## Data for the task
++++++++++++++++++++

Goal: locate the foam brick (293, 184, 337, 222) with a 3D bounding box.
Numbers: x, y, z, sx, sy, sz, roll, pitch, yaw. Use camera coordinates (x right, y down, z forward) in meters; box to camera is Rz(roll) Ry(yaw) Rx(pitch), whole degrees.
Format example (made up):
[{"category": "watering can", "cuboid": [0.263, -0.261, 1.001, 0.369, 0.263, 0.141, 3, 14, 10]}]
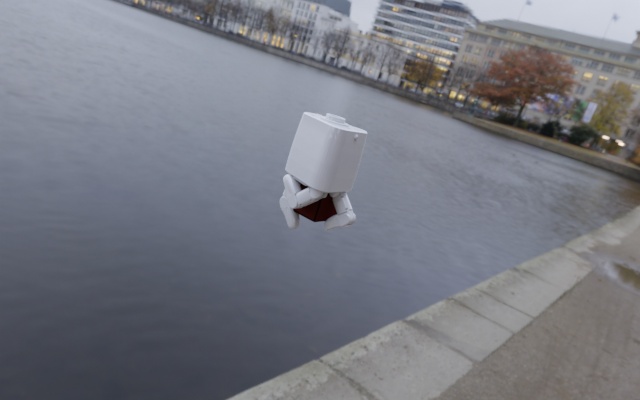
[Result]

++++++++++++++++++++

## Assigned task
Word for word, copy every line of the data, excluding any pictures.

## Your response
Goal: locate the foam brick (293, 184, 337, 222) with a 3D bounding box.
Numbers: x, y, z, sx, sy, sz, roll, pitch, yaw. Use camera coordinates (x right, y down, z forward) in meters; box to camera is Rz(roll) Ry(yaw) Rx(pitch), whole degrees.
Format example (made up):
[{"category": "watering can", "cuboid": [0.263, -0.261, 1.001, 0.369, 0.263, 0.141, 3, 14, 10]}]
[Result]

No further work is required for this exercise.